# GIT LOST 

## Centralized Student-Alumni Engagement Platform 

### Feed Personalization

In [None]:
import pandas as pd
from sklearn.feature_extraction.text import TfidfVectorizer
from sklearn.metrics.pairwise import linear_kernel

# I am going to use id keys for the post titles as the model would be applied in backend and we dont need to print the content everytime in the code output

data = {
    'id': ['item-1', 'item-2', 'item-3', 'item-4', 'item-5'],
    'title': [
        'Introduction to Competitive Programming',
        'Hackathons are a platform for competitive programming',
        'Introduction to Machine Learning',
        'Programming made easy using python. Helps in competitions',
        'Understanding Neural Networks'
    ],
    'content': [
        'Competitive Programming is all about speed and accuracy',
        'Learn to code in competitons with higher accuracy and better precision',
        'Machine learning is a field of AI. This introduces key concepts and algorithms',
        'Python is heavily used in the industry. Here is a tutorial on how to use python and use it in competitive hackathons',
        'Neural networks are a key part of deep learning, a subfield of machine learning'
    ]
}

df = pd.DataFrame(data) #our dataset

# Create the TF-IDF Vectorizer
# We ignore common English "stop words" (like 'the','a','is')
tfidf = TfidfVectorizer(stop_words='english')

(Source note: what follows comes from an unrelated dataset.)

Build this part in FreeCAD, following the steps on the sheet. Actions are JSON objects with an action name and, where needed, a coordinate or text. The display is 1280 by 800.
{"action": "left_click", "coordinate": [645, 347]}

# Learn the vocabulary from all content and create the matrix
tfidf_matrix = tfidf.fit_transform(df['content'])

# You can check the shape: (number of items, number of unique words)
# print(tfidf_matrix.shape) 

# 4. Compute the Similarity Matrix
# We use linear_kernel (a fast way to compute cosine similarity)
# This matrix compares every item with every other item. (columns vs rows)
cosine_sim = linear_kernel(tfidf_matrix, tfidf_matrix)

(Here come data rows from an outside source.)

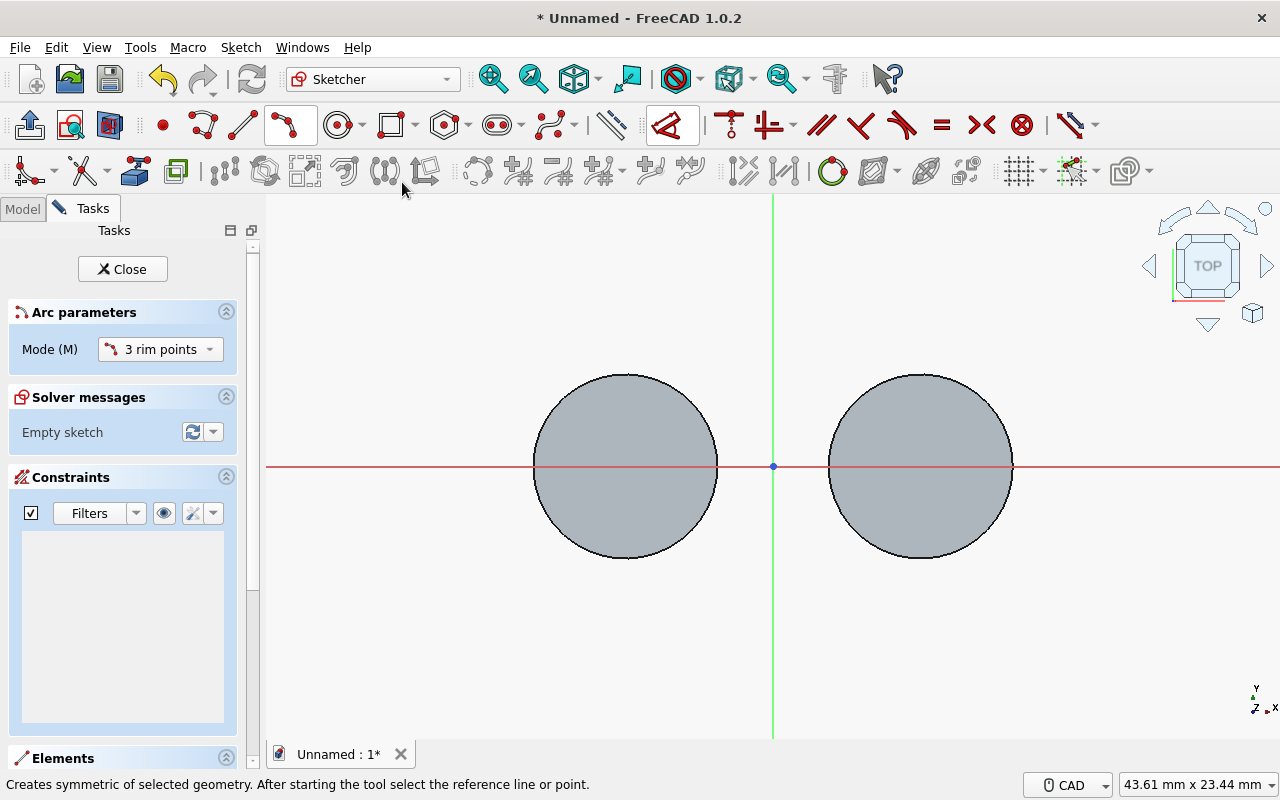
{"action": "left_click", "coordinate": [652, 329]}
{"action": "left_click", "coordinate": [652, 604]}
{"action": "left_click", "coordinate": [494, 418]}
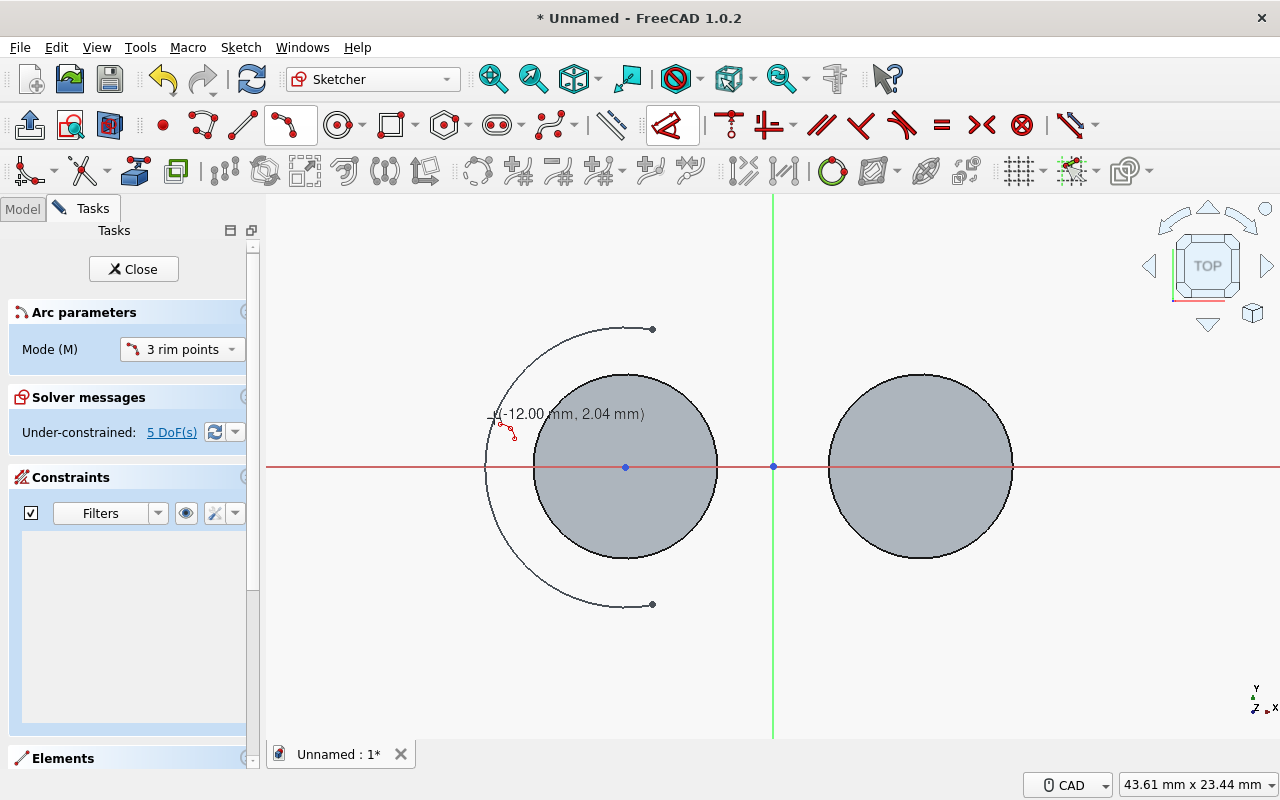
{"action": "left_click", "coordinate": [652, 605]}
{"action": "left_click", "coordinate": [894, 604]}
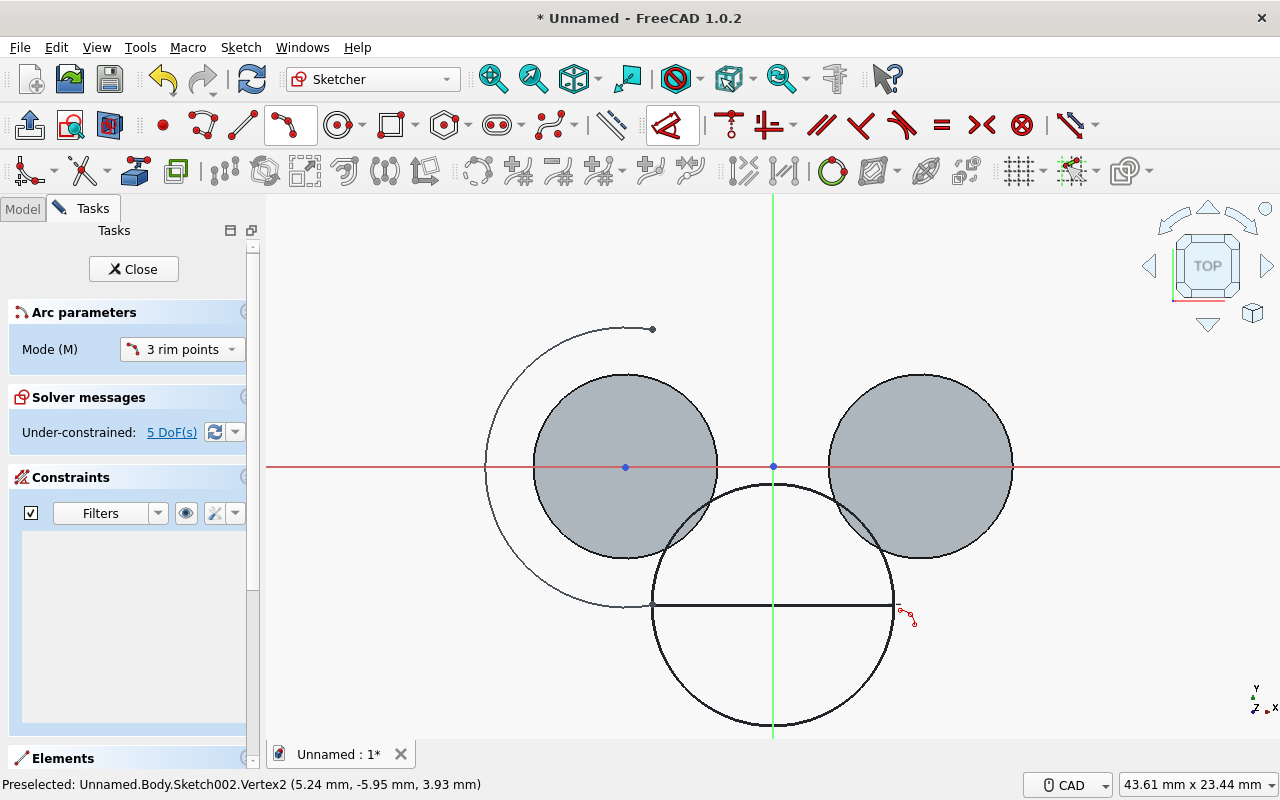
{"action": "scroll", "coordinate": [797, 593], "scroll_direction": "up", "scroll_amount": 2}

# Get Recommendations for a Specific Item
def get_recommendations(item_id, cosine_sim=cosine_sim, df=df):
    try:
        # Get the index of the item from its ID
        idx = df[df['id'] == item_id].index[0]
    except IndexError:
        return f"Error: Item with ID '{item_id}' not found."

    # Get the pairwise similarity scores for this item
    sim_scores = list(enumerate(cosine_sim[idx]))

    # Sorting the items based on their similarity scores
    sim_scores = sorted(sim_scores, key=lambda x: x[1], reverse=True)

    # Get the scores of the 10 most similar items (top one is itself, so we skip it)
    sim_scores = sim_scores[1:11]

    # Get the item index of all
    item_indices = [i[0] for i in sim_scores]

    # Return the IDs of the top most similar items
    return df['id'].iloc[item_indices]

print("Recommendations for 'item-1':")
# This item is about Competitive Programing
recs_1 = get_recommendations('item-1')
print(recs_1, "\n")
print("Recommendations for 'item-3':")
# This item is about Machine Learning
recs_3 = get_recommendations('item-3')
print(recs_3)

Recommendations for 'item-1':
1    item-2
3    item-4
2    item-3
4    item-5
Name: id, dtype: object 

Recommendations for 'item-3':
4    item-5
0    item-1
1    item-2
3    item-4
Name: id, dtype: object